President of Galatasaray SK
- In office 1969–1973
- In office 1975–1979

Personal details
- Born: 5 July 1931 Doğubayazıt, Ağrı, Turkey
- Died: 21 January 2022 (aged 90) Istanbul, Turkey
- Children: 1
- Education: Galatasaray High School; Cambridge University;
- Profession: Businessman

= Selahattin Beyazıt =

Turkish businessman (1931–2022)

Selahattin Beyazıt (1931–2022) was a Turkish businessman from Turkey. He is known for his role as president of the Turkish football club Galatasaray which he held two terms from 1969 to 1973 and from 1975 to 1979.
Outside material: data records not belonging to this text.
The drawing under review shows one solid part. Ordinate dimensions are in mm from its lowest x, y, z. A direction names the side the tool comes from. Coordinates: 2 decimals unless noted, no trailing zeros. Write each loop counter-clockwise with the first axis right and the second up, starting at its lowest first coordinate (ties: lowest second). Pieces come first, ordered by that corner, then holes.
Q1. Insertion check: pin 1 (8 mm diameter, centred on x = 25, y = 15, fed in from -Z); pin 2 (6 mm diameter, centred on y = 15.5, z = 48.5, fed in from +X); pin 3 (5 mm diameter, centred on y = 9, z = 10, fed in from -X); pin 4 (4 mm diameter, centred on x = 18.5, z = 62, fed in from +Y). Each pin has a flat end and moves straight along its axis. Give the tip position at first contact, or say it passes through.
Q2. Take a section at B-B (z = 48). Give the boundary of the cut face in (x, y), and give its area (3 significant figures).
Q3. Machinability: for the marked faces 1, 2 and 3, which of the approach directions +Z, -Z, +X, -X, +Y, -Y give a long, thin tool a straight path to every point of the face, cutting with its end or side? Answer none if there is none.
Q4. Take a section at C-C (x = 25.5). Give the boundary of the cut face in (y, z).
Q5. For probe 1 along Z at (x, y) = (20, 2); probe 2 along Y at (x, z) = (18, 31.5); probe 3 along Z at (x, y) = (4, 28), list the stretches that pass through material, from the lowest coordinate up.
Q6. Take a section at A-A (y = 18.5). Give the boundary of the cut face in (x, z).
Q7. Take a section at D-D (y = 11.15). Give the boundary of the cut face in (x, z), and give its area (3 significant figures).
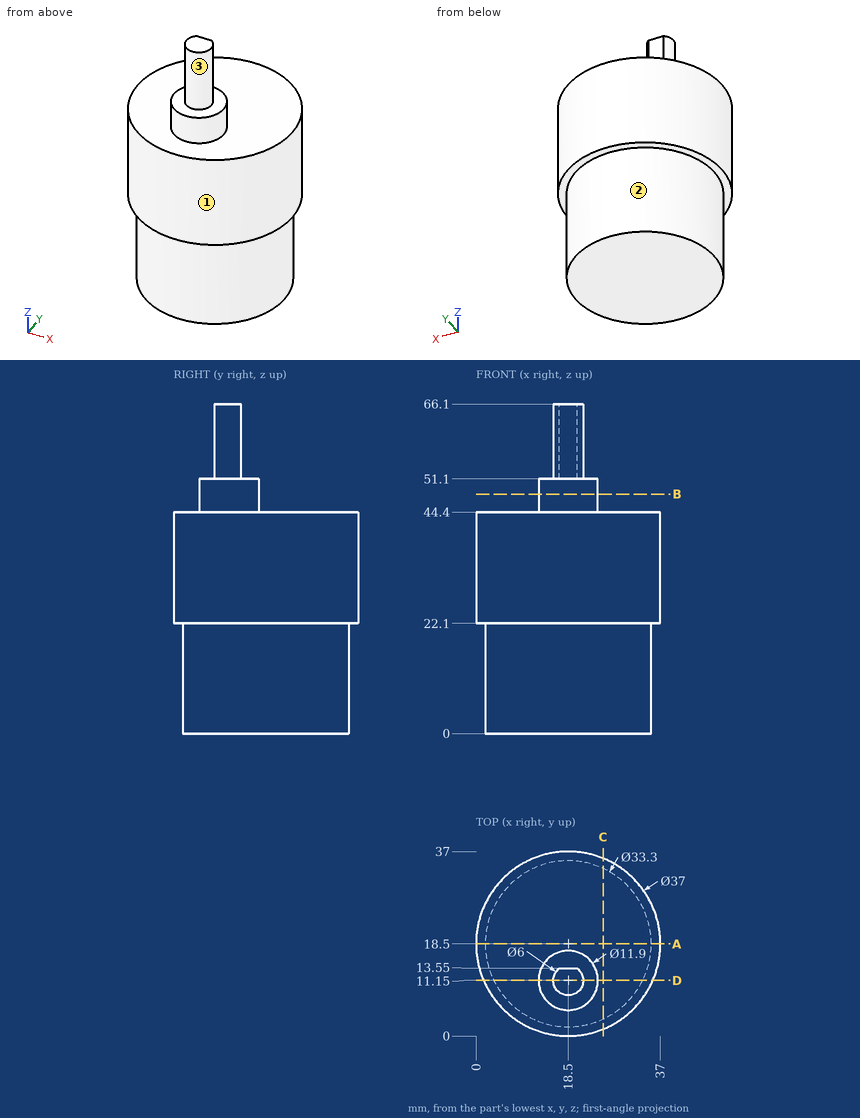
Response:
1. pin 1: stops at z = 0
1. pin 2: stops at x = 24.29
1. pin 3: stops at x = 3.39
1. pin 4: stops at y = 13.55
2. outline: circle Ø11.9 at (18.5, 11.15)
2. area: 111 mm2
3. face 1: +Z, -Z
3. face 2: -Z
3. face 3: +Z
4. outline: (1.38, 22.1) - (3.39, 22.1) - (3.39, 0) - (33.61, 0) - (33.61, 22.1) - (35.62, 22.1) - (35.62, 44.4) - (1.38, 44.4) - close
5. probe 1: z = 0 to 44.4
5. probe 2: y = 0.01 to 36.99
5. probe 3: z = 22.1 to 44.4
6. outline: (0, 22.1) - (1.85, 22.1) - (1.85, 0) - (35.15, 0) - (35.15, 22.1) - (37, 22.1) - (37, 44.4) - (0, 44.4) - close
7. outline: (1.52, 22.1) - (3.56, 22.1) - (3.56, 0) - (33.44, 0) - (33.44, 22.1) - (35.48, 22.1) - (35.48, 44.4) - (24.45, 44.4) - (24.45, 51.1) - (21.5, 51.1) - (21.5, 66.1) - (15.5, 66.1) - (15.5, 51.1) - (12.55, 51.1) - (12.55, 44.4) - (1.52, 44.4) - close
7. area: 1,590 mm2

==Early life and education==
He was born in Doğubayazıt, Ağrı, on 5 July 1931. His grandfather, Ibrahim Ağa, was the chief of a Kurd tribe who participated in the Kurdish rebellion in Ağrı in 1926. Ibrahim Ağa was forced to exile due to this incident. Beyazıt's father, Mehmet, settled in Istanbul where he had business activities.

Beyazıt graduated from Galatasaray High School in 1950. He had a degree from Cambridge University. During his studies at Cambridge, he became a member of a Mason Lodge and the Bilderberg Group through his close relationship with Lord Brabazon of Tara.

==Career and activities==
During the Democrat Party government in the 1950s, Beyazıt briefly served as the private secretary of Prime Minister Adnan Menderes. Beyazıt was the representative of the British companies, Leyland Trucks and Shell. He later established his own company. He was the third highest tax payer in Turkey in 1976. He was appointed chairman of Türk Pirelli Company in 2004 succeeding Bülent Eczacıbaşı in the post.

Beyazıt became a regular member of the Bilderberg Meetings from 1971 to 1997. He was the representative of Turkey to the Bilderberg Group between 1972 and 1992. He was the organizer of the Group's meeting in Çeşme in 1975. He was succeeded by Suna Kıraç in the post.

===Galatasaray presidency===
Beyazıt was elected as the president of Galatasaray in 1969 and held the post until 1973. He was again elected to the post in 1975, and his term ended in 1979. During his presidency Galatasaray won three league cups with the British manager Brian Birch.

==Personal life and death==
Beyazıt was married and had a son. He died in Istanbul on 21 January 2022.